Taren heard the click as she turned the key in the door. Taren pulled her shaken hands away, wondering if opening the door was really a good idea, it’s just a door.
After some thought, Taren reached for the handle. Taren smiled to herself as she thought it being a slow motion part in a movie and that something was to go wrong right after she opened the door…. A growl came from behind Taren.
‘For once in my WHOLE life, I couldn’t just be right. I would have had somewhere to run, if it just came from beyond the door.’ thought Taren as she turned around in short steps. Taren looked up to find the shadowy figure as it loomed over her. It reached out a white, long hand and brought it to it’s head, pulling away the hood covering it’s face.
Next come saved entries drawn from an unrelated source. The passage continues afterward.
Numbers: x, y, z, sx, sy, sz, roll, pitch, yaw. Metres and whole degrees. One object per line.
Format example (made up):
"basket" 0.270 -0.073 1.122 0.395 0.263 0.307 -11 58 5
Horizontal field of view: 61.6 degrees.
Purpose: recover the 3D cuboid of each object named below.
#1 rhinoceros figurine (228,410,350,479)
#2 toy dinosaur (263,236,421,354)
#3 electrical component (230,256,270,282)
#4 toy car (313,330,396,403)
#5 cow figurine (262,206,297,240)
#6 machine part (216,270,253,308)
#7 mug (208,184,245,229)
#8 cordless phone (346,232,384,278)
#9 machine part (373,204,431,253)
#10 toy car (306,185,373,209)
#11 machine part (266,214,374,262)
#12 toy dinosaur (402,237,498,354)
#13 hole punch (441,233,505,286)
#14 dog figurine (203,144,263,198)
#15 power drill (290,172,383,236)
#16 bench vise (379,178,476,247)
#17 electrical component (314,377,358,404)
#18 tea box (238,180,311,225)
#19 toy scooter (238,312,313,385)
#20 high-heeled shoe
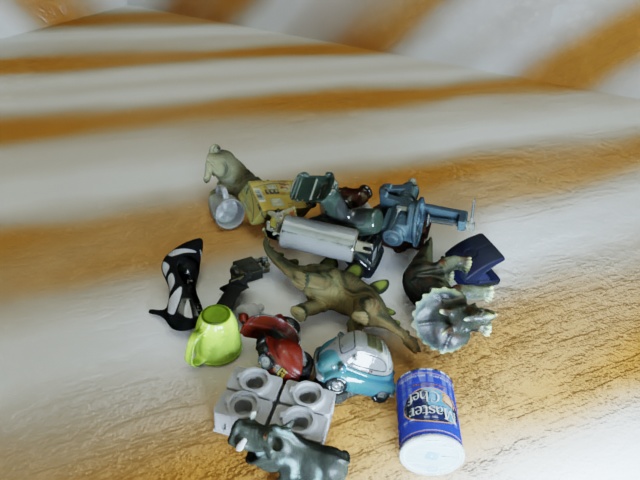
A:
"rhinoceros figurine" -0.050 0.330 0.825 0.190 0.112 0.073 19 39 5
"toy dinosaur" 0.020 0.104 1.152 0.472 0.105 0.198 30 25 25
"electrical component" -0.162 0.064 1.244 0.102 0.045 0.078 -12 40 -23
"toy car" 0.074 0.221 0.976 0.162 0.102 0.109 19 27 -7
"cow figurine" -0.098 -0.039 1.316 0.098 0.167 0.068 -10 79 -2
"machine part" -0.196 0.122 1.144 0.084 0.039 0.139 -20 27 36
"mug" -0.259 -0.095 1.414 0.081 0.109 0.107 -24 31 -22
"cordless phone" 0.056 0.023 1.307 0.184 0.088 0.146 5 24 17
"machine part" 0.206 -0.036 1.428 0.179 0.056 0.179 3 34 -2
"toy car" 0.042 -0.114 1.359 0.089 0.053 0.202 -36 30 -28
"machine part" -0.002 -0.004 1.196 0.243 0.079 0.079 12 35 5
"toy dinosaur" 0.252 0.106 1.176 0.192 0.131 0.405 2 26 -19
"hole punch" 0.372 0.052 1.300 0.116 0.092 0.142 -10 41 -15
"dog figurine" -0.210 -0.178 1.483 0.191 0.172 0.121 3 45 10
"power drill" 0.014 -0.067 1.225 0.232 0.207 0.086 4 59 33
"bench vise" 0.254 -0.063 1.299 0.241 0.128 0.224 9 35 19
"electrical component" 0.021 0.274 0.987 0.094 0.021 0.063 -6 36 -27
"tea box" -0.116 -0.101 1.406 0.169 0.068 0.098 -5 60 -42
"toy scooter" -0.091 0.193 1.017 0.135 0.075 0.184 27 21 -27
"high-heeled shoe" -0.269 0.084 1.150 0.145 0.086 0.249 0 48 26

There was no face but a mask, a cracked, mask of death with a keyhole in the forehead.
“Give me the key, Lost Soul…” wheezed the figure as if powerless and near death... or death itself.
       “This key?” whispered Taren, pulling the key out of the door behind her
        “Yes, Lost Soul…Give it!” shouted the figure as the air around them began to shake with the frustration of the figure.
“WHY?!” shouted Taren, getting a bit of courage for a moment.
“Give it, Lost Soul or die!” shrieked the figure.
It lunged at Taren to get the key, but Taren was already at the door. Getting away from that ‘Thing’ was the only idea Taren had as she pulled the door open and ran through. Only when Taren looked back, did she notice her surroundings….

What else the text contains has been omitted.